Your example looks like a nice case of template-abuse. Templates are great, but using is a bit like sculpting with dynamite: You have to know extremely well what you are doing, or the whole thing will blow up and turn into a pile of rubble.
Jeroen
Thursday, May 31, 2007
 
 
We could help you with your achitecture if you could provide a description of what you actually want to achieve, not what your problem is.

Personnaly, it may be obvious but I didn't understand why your inner struct was a template in the first place because you don't show us any specialization.
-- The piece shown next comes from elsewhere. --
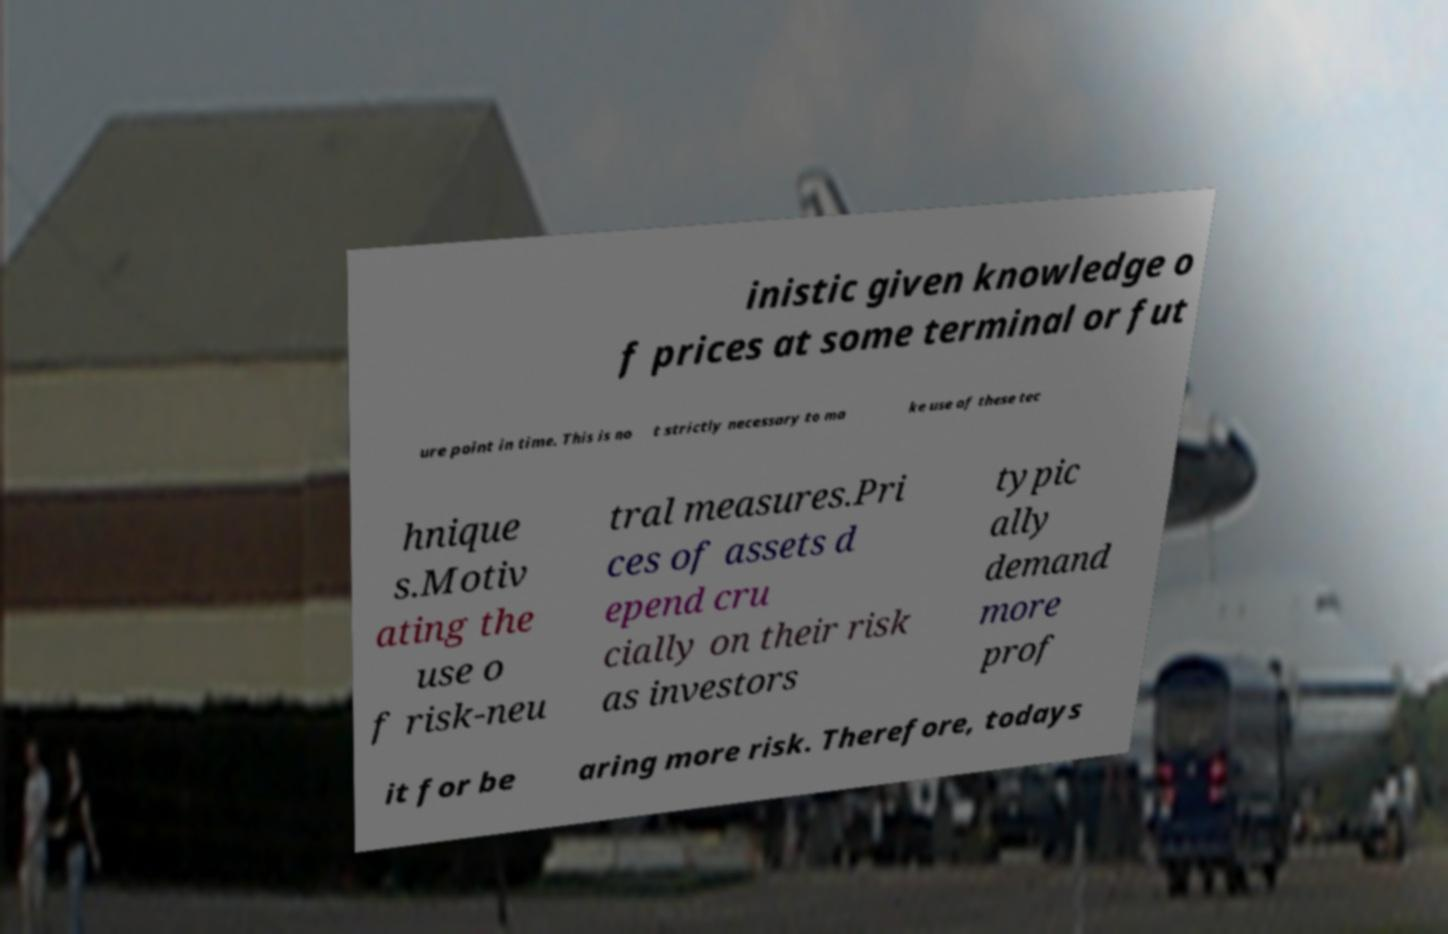Please identify and transcribe the text found in this image. inistic given knowledge o f prices at some terminal or fut ure point in time. This is no t strictly necessary to ma ke use of these tec hnique s.Motiv ating the use o f risk-neu tral measures.Pri ces of assets d epend cru cially on their risk as investors typic ally demand more prof it for be aring more risk. Therefore, todays

Without saying how you will specialize it, showing just the template can be a little obscure...
Vincent Robert Send private email
Thursday, May 31, 2007
 
 
I think what you described is actually possible - as noted above, it's difficult to tell, because your presentation of the problem is too abstract.

You can't return a B::Internal from the A interface, but you can return a pointer or reference to a B::Internal, because that will be disguised as an A.... In other words, the interface is designed to return an A::Internal pointer, the implementation B will construct a B::Internal, and return the A::Internal pointer to it.  NOTE: using a smart pointer would be better.
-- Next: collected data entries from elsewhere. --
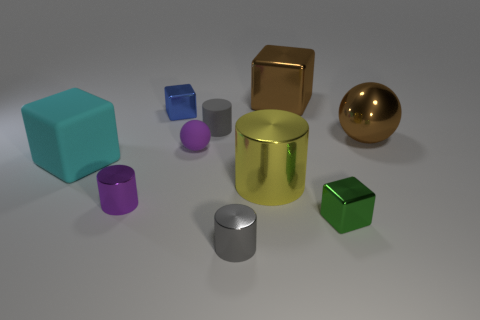Do the big yellow metallic object and the tiny gray object to the left of the gray shiny thing have the same shape?
Ensure brevity in your answer.  Yes. How many other objects are there of the same shape as the large yellow metallic thing?
Your answer should be compact. 3. There is a metal thing that is both behind the big yellow shiny cylinder and left of the big shiny cube; what is its color?
Make the answer very short. Blue. What is the color of the matte cylinder?
Your answer should be compact. Gray. Are the yellow object and the tiny gray cylinder that is in front of the tiny purple shiny cylinder made of the same material?
Keep it short and to the point. Yes. What is the shape of the small gray thing that is the same material as the large sphere?
Provide a short and direct response. Cylinder. What is the color of the rubber ball that is the same size as the purple metallic thing?
Provide a succinct answer. Purple. Does the gray thing that is in front of the cyan matte thing have the same size as the green metallic thing?
Your answer should be very brief. Yes. Is the large metal cube the same color as the big sphere?
Provide a short and direct response. Yes. What number of large matte blocks are there?
Offer a terse response. 1. 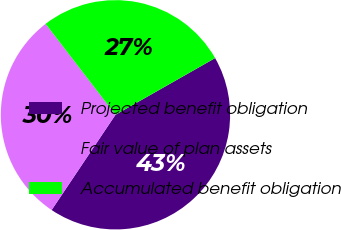Convert chart. <chart><loc_0><loc_0><loc_500><loc_500><pie_chart><fcel>Projected benefit obligation<fcel>Fair value of plan assets<fcel>Accumulated benefit obligation<nl><fcel>42.63%<fcel>30.17%<fcel>27.2%<nl></chart> 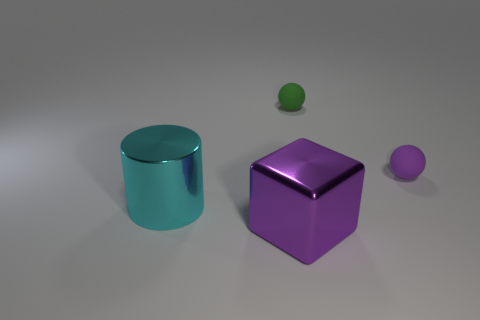What size is the matte object that is the same color as the large block?
Ensure brevity in your answer.  Small. What is the shape of the thing that is the same color as the block?
Provide a succinct answer. Sphere. Are any tiny green balls visible?
Offer a terse response. Yes. There is a shiny object that is to the right of the cyan object; does it have the same shape as the large metallic object to the left of the purple block?
Keep it short and to the point. No. What number of large objects are either purple things or purple matte things?
Provide a succinct answer. 1. What shape is the thing that is made of the same material as the big cyan cylinder?
Offer a terse response. Cube. Does the green matte object have the same shape as the large purple metal thing?
Ensure brevity in your answer.  No. The block is what color?
Provide a succinct answer. Purple. What number of objects are either tiny green objects or brown shiny blocks?
Offer a very short reply. 1. Is there any other thing that has the same material as the cyan thing?
Ensure brevity in your answer.  Yes.

Your issue with the constructor arguments, that probably gets solved using traits.
Danil Send private email
Thursday, May 31, 2007
 
 
I want to serialize a specific type in my program.  Essentially, I want a function that takes a type and returns an integer.  (T => () -> int)

There are a changing number of types.  In order to minimize the code that changes with the addition or removal of types, I wanted to keep one master list of types.  The closest I could come is using the enumeration.  (int -> T => () -> int)

The second issue is that there are multiple serialization function implementations which share a common interface.  But that conflicts with the templates.

So I want to minimize the changes needed when I add or remove a type.  RTTI is not enabled.

Thursday, May 31, 2007
 
 
How about using a CRC32 of the typename? This should provide you with a unique number for each type.
Coopsnakes Send private email
Friday, June 01, 2007
 
 
"This should provide you with a unique number for each type"
...most of the time.
Jeff Zanooda Send private email
Monday, June 04, 2007
 
 
"Essentially, I want a function that takes a type and returns an integer."

That part definitely sounds like it should be solved with traits.

As for the other, I wonder if a decorator, or perhaps a snap-in, would be a better choice than inheritance (effectively separating the responsibility of serialization from that of the objects actual behavior).